極性に異常を示す分裂酵母の変異体はいくつかのグループによって単離されました。極性に異常のある変異体といって具体的にどんな形のものを思い浮かべますか？

あるものは真ん丸の形になってしまい、あるものは細胞がバナナみたいに折れ曲がってしまったもの、またあるいは細胞の真ん中あたりで急に成長する方向を変えてT字型になってしまうものと、その形態は様々です。

真ん丸になった変異体は、どこが細胞の末端かが分からなくなってしまった細胞かもしれません。バナナ型の細胞は、細胞の進むべき方向が何らかの理由で少しずれてしまったのでしょうか。

ここで我々は、細胞の末端がどこであるかを知らせてくれる因子の存在を仮定すれば話がスムーズにいくことに気がつくでしょう。そのような末端の場所を教えてくれる因子のことをエンドマーカーと言います。

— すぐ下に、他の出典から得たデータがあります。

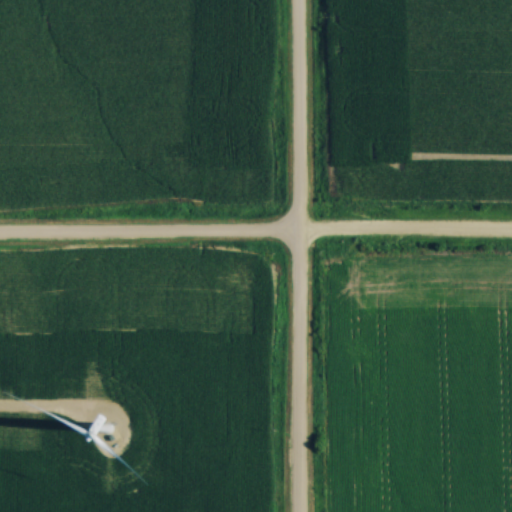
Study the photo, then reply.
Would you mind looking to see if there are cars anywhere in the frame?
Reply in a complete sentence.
No, the photo shows no car.
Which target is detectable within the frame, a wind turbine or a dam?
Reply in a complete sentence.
I can see a wind turbine in this picture.
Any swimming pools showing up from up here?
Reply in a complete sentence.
No, I can see no swimming pool in this picture.
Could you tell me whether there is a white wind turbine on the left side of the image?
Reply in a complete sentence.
Yes, you'll find a white wind turbine on the left side of the image.
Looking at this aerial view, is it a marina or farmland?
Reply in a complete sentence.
What you see here is farmland.
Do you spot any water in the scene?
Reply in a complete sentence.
No, no water is visible.
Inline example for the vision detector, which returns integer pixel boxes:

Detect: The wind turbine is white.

[5,390,148,486]
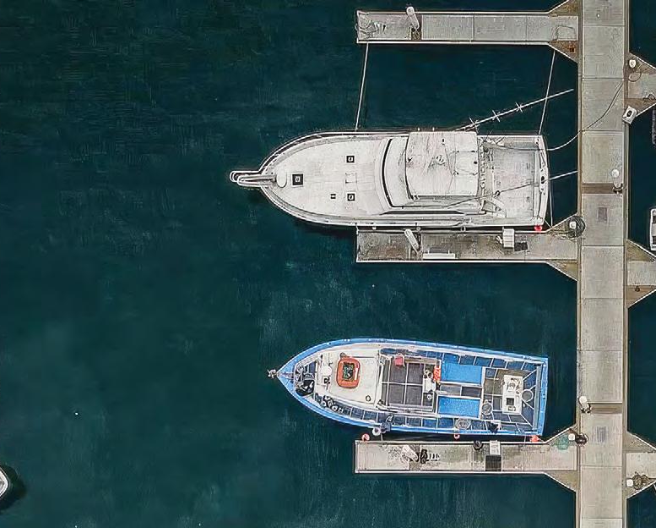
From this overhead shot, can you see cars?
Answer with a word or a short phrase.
No
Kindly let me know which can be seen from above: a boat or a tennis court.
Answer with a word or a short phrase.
boat
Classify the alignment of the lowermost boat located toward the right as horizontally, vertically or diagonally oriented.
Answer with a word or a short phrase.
horizontally
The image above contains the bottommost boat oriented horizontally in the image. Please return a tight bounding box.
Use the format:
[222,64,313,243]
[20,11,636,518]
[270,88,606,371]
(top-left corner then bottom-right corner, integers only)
[267,337,550,435]
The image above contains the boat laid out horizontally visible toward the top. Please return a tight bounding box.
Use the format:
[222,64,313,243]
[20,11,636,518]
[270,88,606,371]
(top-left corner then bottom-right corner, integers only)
[230,88,574,229]
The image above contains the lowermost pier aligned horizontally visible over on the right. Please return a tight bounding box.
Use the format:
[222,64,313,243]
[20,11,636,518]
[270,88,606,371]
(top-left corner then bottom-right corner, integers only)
[355,425,576,492]
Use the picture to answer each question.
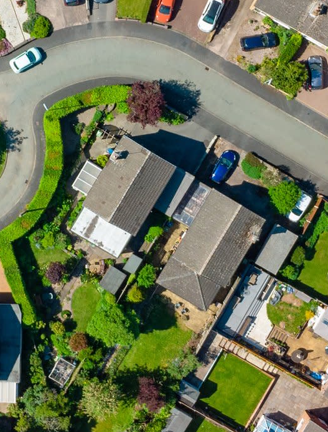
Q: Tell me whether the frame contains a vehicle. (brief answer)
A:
Yes
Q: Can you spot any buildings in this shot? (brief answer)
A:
Yes
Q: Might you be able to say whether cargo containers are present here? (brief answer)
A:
No
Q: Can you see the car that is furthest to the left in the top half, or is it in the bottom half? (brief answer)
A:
top
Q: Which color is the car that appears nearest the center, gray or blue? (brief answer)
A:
blue
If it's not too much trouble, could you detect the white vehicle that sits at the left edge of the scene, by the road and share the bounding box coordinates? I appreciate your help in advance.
[6,46,46,74]
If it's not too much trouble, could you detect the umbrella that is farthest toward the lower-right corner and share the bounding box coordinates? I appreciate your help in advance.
[291,347,308,363]
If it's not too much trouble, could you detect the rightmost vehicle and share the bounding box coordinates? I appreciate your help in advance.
[307,55,324,89]
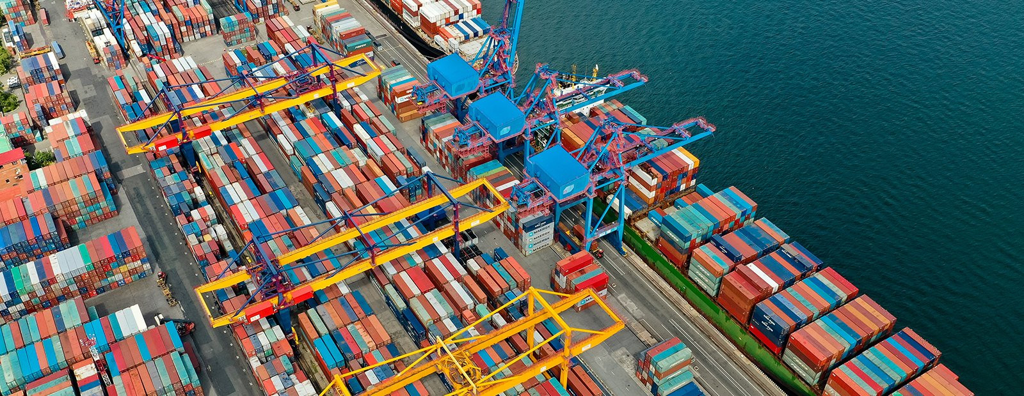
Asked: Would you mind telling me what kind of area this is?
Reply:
port
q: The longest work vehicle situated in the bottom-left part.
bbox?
[154,303,197,330]
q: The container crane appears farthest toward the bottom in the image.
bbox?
[310,283,630,396]
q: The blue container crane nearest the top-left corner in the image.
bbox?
[99,0,128,56]
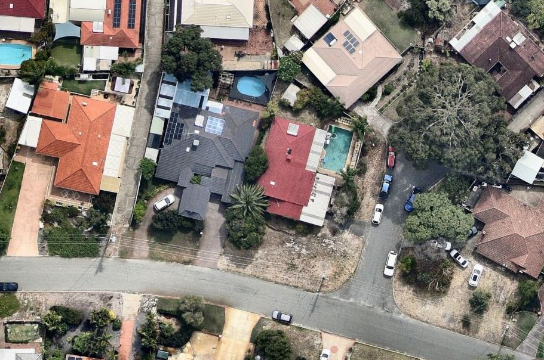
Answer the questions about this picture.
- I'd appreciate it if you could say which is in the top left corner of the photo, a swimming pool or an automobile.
swimming pool
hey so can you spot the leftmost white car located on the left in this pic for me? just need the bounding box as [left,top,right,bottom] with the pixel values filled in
[151,193,176,211]
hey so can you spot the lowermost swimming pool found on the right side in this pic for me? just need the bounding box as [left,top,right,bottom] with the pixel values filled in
[321,124,355,172]
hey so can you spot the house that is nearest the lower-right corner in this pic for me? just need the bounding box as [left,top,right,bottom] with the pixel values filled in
[472,183,544,275]
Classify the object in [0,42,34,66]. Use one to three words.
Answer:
swimming pool
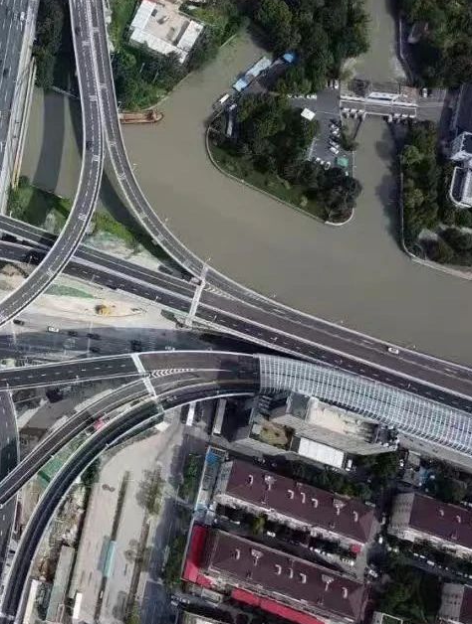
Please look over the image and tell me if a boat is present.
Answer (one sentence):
Yes, I can see a boat in this picture.
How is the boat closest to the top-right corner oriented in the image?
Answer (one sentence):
The boat closest to the top-right corner has been laid out at an angle relative to the frame.
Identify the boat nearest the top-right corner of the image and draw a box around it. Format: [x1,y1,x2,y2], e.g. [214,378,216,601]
[242,51,274,79]
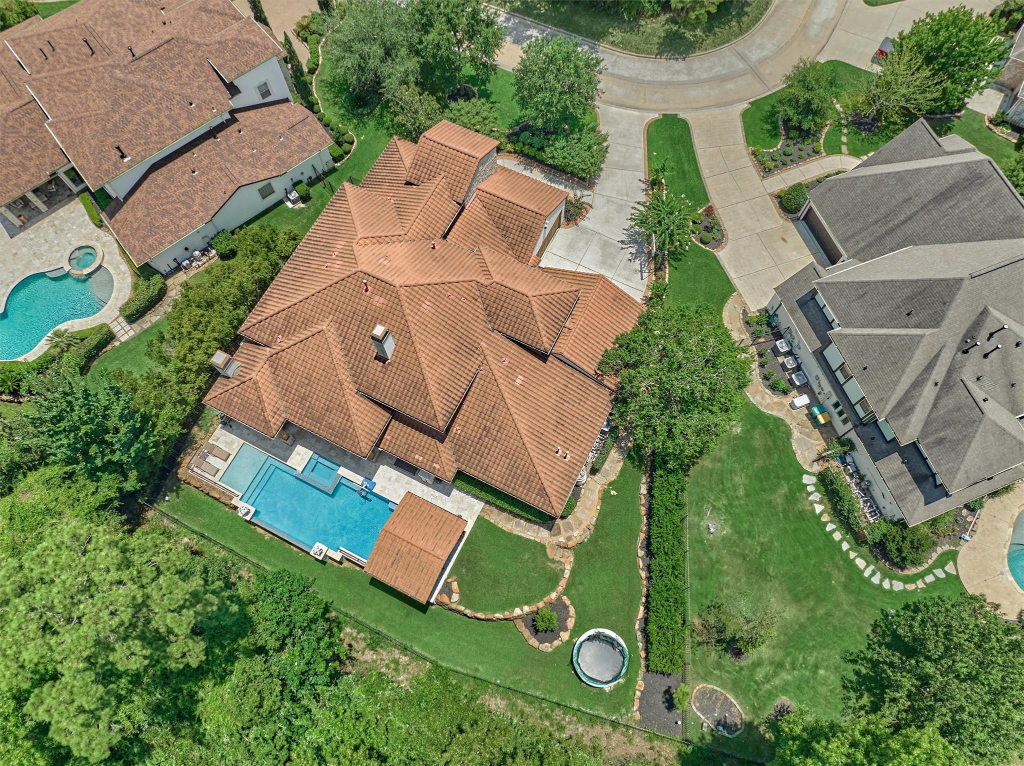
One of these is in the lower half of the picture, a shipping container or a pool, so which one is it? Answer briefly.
pool
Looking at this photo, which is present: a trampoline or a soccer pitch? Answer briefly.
trampoline
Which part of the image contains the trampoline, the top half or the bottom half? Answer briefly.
bottom
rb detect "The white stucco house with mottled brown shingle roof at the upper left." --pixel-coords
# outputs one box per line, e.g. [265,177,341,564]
[0,0,334,277]
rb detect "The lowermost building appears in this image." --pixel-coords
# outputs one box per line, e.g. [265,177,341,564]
[361,490,472,608]
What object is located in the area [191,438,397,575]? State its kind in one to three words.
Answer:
swimming pool
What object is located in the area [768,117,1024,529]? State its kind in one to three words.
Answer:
house
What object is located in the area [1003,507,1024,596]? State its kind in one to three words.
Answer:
swimming pool
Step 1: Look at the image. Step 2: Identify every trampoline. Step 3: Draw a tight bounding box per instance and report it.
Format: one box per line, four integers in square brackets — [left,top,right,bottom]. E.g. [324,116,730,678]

すると、正常な細胞(野生型)では細胞の両端にエンドマーカーがあるのに対して、真ん丸の変異体ではエンドマーカーがなくなってしまった、あるいは正しい末端に存在できなくなった(局在できなくなった)細胞かもしれない、となります。

ではそういうエンドマーカーは実在するのか？

次に極性について書くときにはその点について調べていきましょう。

極性に関する話が長らく続いたので、ひとまずこのくらいにして、また話をスピンドル微小管に戻します。

極性に関する「なぜだろう？」

昨日書いた「極性に関するいろいろな謎」ですが、

例えば、

・なぜ細胞の成長は長軸方向（図での横方向）に限られるのだろう？

・なぜ分裂期には細胞は成長しないのだろう？

・分裂期が起きる時期と細胞の長さ（成長の度合い）の間には連携機構があるのか？　（細胞がある程度まで成長しないと分裂期に入らないというようなシステムがあるのか）

・もし仮に分裂酵母の細胞が極性成長できないなら、そのときの細胞の形はどんな形だろう？あるいは、細胞の生死には影響がないのだろうか？

などが挙げられます。

もちろん、今日でもまだすべての謎が解かれているわけではありません。こういった「誰でも思いつきうる疑問」から研究は始まっていくのです。

極性成長２ 古い末端と新しい末端

やっと本来の微小管の話に戻ります。

今日は極性成長に関する第２弾です。

分裂酵母には細長い極性があるということは先日書いたとおりです。つまり、細胞の両端のみが、細胞の成長する場所になっているわけです。細胞の成長端は決まっていて、その方向に成長していくのが極性成長です。

面白いことに、分裂酵母では、細胞の右側と左側では成長を始めるタイミングが違うーーNETOというーーという現象があります。わりと古くからこの概念が提唱されています(1985年)。NETOとは何でしょうか？

図をみながら、細胞周期の分裂期からスタートして考えてみましょう。分裂期には細胞の両端は成長しないで一定の大きさを保ちます。そしてスピンドル微小管が形成されて染色体が分配されますが、その後、細胞質分裂(cytokinesis)が起き、隔壁(septum)によって２個の細胞へと分裂します。新しい細胞の誕生です。

ここで新しい細胞の１個に注目してみましょう。図のように、生まれた細胞の左右の末端はまったく同じではありません。図の左側の末端は、分裂前から末端として存在していた、いわば古い末端(old end)です。これに対して、右側の末端は、分裂前は細胞の中央部であったわけで、隔壁によって新たにできたものですから、新しい末端(new end)です。このように、生まれたての細胞には、新しい末端と古い末端があります。

その後、細胞の両端は前回述べたように極性成長していくわけですが、古い末端が先に成長を始め、新しい末端の成長はそれよりも遅れます。新しい末端の成長が始まることをNew End Take Off (NETO) と呼びます。

それではなぜ新しい末端の成長は遅れるのでしょうか？　図をヒントとして想像してみてください。タネあかしをすればアクチン（と微小管）が鍵ですが、それが何であるかを知らない人でも、まず図を見てなぜ２つの末端の成長がずれて起きるのかを想像してみるのがよいと思います。

このようなシンプルな疑問から細胞極性成長の壮大な分子メカニズムの探究がはじまったわけです。よく考えてみると、これまでみてきた極性成長の説明文の中には、他にも極性成長における重大な謎がいくつか潜んでいます。なにか思いつきますか？

話がずれますが、

「これが起きるのはなぜだろう？」というシンプルな疑問があって、その謎を解きたいと思うのが科学の面白さだと思います。その気持ちは小学生でも研究者でも同じようなものです。

そのためには細胞なり生物なりで起きている「現象」をじっくり観察することが大事です。中高生、大学生の理系離れというのは、そういう面白さよりも、専門的な知識の詰め込みが先行しているからなのかもしれません。学生時代理科嫌いだった自分の意見です。